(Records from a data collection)
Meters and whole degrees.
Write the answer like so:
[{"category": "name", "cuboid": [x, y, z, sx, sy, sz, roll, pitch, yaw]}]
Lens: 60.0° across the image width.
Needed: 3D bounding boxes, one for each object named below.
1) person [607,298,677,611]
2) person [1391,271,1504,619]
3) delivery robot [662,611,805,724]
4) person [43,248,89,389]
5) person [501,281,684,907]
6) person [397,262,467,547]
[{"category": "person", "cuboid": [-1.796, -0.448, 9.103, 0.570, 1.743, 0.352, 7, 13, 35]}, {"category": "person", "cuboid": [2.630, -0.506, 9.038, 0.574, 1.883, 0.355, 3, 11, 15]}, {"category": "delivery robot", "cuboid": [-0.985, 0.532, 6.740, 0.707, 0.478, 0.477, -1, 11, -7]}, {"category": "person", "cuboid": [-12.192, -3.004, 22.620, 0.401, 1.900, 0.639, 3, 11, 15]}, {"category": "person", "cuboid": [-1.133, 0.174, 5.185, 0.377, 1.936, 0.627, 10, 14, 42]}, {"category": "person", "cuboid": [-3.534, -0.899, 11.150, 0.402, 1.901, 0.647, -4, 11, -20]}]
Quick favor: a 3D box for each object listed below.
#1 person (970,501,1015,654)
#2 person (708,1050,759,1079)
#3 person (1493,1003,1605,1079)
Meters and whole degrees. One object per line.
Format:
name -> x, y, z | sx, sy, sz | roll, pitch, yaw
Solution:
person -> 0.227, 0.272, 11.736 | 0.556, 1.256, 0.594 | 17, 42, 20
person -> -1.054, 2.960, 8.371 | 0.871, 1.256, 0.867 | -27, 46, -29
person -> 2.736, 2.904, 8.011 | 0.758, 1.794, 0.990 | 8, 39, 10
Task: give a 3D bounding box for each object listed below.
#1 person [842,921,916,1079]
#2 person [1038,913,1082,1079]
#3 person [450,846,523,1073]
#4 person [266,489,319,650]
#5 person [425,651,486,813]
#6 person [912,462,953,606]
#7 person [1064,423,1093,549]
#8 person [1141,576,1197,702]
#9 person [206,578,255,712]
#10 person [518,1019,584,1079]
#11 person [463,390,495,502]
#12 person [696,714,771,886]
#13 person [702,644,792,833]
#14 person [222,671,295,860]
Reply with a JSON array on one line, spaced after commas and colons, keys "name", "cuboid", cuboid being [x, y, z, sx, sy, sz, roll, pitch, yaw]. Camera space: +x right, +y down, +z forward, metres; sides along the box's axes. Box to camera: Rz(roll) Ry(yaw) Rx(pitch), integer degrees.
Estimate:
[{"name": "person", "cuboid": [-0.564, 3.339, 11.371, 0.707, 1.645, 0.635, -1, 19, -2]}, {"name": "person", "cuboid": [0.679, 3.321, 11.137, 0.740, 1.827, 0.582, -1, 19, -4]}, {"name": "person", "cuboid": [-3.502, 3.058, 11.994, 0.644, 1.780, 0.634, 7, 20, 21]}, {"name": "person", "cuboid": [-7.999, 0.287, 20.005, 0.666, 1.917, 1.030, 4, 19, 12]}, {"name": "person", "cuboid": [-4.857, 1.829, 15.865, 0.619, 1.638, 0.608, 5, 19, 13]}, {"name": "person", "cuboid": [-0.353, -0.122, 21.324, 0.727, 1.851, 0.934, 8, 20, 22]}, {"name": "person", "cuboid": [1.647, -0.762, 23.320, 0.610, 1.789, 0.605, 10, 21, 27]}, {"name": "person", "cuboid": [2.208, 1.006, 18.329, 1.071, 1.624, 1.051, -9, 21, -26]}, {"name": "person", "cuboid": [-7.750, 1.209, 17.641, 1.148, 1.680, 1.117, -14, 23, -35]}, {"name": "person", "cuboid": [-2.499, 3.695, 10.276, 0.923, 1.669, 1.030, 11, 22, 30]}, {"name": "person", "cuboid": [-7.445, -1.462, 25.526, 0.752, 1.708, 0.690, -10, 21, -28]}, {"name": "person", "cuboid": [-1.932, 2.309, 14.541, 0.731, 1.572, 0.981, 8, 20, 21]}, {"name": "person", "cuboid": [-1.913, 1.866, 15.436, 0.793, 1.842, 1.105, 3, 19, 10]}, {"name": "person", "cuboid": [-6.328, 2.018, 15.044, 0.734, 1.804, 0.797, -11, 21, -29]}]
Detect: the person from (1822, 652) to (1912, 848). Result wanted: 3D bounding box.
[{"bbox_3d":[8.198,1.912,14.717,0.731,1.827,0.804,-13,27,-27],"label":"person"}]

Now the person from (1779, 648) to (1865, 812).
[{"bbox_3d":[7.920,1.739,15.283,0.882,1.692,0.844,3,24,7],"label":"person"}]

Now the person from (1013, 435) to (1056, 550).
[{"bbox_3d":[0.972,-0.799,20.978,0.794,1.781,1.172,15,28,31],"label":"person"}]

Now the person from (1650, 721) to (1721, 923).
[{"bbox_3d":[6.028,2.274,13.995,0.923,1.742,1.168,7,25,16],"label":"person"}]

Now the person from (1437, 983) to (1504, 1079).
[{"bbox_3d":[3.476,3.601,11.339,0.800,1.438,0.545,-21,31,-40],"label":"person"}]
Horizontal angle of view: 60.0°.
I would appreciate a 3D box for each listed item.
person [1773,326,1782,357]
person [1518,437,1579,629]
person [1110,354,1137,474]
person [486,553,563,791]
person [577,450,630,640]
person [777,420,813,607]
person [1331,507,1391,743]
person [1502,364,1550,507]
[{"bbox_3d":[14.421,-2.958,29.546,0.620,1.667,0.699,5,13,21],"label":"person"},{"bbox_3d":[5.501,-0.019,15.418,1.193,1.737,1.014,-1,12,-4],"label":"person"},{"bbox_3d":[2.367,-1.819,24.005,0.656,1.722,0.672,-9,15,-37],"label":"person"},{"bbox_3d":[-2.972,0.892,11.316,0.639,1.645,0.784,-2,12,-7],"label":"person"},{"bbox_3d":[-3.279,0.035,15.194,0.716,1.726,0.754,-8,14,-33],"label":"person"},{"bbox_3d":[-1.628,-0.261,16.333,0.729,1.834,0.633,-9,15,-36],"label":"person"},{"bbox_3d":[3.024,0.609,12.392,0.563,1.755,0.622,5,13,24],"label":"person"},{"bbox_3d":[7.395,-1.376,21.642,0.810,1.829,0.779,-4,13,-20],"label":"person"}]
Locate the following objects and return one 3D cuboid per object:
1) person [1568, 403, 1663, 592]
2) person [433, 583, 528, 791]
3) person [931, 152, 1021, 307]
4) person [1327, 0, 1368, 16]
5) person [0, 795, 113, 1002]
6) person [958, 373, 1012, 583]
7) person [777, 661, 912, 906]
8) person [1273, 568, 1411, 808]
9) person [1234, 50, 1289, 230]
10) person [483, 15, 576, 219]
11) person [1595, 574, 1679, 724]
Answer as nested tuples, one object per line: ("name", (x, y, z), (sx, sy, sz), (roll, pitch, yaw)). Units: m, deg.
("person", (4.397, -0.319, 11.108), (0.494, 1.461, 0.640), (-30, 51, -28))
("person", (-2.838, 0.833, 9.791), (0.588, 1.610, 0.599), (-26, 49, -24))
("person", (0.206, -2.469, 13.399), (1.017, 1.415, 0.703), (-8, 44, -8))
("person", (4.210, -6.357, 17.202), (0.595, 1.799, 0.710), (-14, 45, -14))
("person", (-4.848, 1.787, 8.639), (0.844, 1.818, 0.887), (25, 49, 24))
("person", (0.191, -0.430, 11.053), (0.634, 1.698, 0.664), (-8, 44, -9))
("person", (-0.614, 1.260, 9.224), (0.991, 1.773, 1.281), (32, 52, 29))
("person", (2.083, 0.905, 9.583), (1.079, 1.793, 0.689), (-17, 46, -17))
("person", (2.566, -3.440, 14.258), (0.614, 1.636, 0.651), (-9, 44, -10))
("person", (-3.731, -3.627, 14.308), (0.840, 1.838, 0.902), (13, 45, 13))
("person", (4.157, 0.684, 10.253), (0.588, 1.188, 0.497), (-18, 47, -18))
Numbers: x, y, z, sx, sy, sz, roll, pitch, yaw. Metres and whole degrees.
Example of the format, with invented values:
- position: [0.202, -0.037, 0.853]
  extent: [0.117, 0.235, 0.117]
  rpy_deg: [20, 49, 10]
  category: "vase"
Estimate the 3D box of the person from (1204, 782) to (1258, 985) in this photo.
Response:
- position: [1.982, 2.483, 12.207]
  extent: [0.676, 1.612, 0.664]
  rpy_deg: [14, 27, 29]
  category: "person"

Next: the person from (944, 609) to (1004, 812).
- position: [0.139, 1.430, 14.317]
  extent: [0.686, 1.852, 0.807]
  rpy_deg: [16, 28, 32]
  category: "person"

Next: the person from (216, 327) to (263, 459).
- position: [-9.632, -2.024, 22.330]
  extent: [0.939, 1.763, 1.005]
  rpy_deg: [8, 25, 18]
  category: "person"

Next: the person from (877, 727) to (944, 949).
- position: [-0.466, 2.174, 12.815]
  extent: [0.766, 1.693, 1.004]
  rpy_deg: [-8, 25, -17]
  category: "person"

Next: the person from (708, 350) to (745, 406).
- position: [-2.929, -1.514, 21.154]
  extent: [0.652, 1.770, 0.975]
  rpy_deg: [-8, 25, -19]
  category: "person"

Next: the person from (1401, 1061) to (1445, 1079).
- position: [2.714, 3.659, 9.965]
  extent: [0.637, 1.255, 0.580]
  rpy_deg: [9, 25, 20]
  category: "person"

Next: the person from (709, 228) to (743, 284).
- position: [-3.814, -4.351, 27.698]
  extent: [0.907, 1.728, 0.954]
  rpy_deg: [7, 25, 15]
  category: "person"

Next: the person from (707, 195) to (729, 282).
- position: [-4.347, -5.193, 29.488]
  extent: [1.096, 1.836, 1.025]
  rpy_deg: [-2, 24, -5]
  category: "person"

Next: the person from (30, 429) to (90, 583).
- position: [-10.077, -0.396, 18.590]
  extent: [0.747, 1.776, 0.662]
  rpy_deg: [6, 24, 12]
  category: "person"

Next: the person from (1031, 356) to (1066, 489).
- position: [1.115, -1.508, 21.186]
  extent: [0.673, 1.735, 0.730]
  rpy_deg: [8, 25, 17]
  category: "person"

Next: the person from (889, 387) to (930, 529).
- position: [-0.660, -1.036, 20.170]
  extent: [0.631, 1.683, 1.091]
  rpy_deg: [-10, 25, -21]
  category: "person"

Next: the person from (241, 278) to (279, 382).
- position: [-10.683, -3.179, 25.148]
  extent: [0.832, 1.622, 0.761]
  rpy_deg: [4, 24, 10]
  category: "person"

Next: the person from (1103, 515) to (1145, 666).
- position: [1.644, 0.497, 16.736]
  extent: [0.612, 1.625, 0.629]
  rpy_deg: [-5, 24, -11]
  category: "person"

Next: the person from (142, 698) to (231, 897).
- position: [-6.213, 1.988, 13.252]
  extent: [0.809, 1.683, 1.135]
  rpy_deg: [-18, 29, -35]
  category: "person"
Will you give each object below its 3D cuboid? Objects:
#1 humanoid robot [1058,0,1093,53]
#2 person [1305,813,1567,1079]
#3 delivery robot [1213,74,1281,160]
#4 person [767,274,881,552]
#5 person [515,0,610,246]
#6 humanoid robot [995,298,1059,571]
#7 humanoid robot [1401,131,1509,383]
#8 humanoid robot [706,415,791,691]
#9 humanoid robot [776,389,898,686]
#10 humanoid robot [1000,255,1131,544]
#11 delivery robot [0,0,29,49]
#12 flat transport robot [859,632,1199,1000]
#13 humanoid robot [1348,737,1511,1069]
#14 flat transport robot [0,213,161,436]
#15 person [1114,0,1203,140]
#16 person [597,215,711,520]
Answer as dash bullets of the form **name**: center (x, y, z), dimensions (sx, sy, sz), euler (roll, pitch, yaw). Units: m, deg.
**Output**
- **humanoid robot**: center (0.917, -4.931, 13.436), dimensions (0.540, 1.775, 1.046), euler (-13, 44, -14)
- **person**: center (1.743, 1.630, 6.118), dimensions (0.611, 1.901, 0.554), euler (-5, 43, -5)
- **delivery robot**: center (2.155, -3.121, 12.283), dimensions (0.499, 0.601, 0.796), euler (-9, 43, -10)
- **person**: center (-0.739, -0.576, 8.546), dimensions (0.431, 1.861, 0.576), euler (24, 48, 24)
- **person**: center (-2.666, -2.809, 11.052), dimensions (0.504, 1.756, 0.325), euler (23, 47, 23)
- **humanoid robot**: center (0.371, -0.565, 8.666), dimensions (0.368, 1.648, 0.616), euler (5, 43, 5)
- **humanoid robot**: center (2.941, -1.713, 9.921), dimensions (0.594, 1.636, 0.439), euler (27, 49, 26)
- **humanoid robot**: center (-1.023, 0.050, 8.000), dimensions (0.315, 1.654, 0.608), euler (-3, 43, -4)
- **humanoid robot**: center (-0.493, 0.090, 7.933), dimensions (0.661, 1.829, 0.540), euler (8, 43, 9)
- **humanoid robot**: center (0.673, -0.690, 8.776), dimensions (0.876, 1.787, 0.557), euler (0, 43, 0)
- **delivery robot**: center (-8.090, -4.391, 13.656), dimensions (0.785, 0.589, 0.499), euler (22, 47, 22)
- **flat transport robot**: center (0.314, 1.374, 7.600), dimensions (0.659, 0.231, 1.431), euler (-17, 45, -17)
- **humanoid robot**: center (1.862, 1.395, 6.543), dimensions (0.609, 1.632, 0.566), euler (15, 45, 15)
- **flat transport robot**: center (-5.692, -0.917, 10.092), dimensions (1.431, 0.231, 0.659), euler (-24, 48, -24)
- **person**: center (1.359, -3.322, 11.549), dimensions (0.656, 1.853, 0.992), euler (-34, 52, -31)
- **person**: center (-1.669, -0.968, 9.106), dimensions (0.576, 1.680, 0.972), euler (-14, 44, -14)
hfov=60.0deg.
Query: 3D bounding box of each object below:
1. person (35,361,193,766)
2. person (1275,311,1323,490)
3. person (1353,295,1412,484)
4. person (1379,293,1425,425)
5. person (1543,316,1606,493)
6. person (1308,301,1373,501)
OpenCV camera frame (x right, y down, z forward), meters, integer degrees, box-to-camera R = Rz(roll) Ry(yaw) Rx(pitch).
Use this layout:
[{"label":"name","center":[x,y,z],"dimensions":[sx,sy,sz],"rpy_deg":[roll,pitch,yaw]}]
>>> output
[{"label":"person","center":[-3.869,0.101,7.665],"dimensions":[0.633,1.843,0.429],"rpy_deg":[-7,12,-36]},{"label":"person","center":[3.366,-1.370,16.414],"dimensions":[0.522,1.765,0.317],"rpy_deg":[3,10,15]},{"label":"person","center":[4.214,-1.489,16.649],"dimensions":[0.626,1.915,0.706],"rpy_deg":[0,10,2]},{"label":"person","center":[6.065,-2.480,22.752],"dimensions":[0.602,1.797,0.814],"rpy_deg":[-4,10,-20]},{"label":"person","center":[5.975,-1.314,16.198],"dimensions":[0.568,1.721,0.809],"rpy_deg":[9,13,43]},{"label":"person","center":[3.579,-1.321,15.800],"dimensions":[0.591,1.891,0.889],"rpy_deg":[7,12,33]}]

:: About this exercise ::
Only one stretch of the entries above is wanted: the lines from the one containing "Task: give a" through the one containing "#14 person [222,671,295,860]". Please reproduce it exactly.

:: Answer box ::
Task: give a 3D bounding box for each object listed below.
#1 person [842,921,916,1079]
#2 person [1038,913,1082,1079]
#3 person [450,846,523,1073]
#4 person [266,489,319,650]
#5 person [425,651,486,813]
#6 person [912,462,953,606]
#7 person [1064,423,1093,549]
#8 person [1141,576,1197,702]
#9 person [206,578,255,712]
#10 person [518,1019,584,1079]
#11 person [463,390,495,502]
#12 person [696,714,771,886]
#13 person [702,644,792,833]
#14 person [222,671,295,860]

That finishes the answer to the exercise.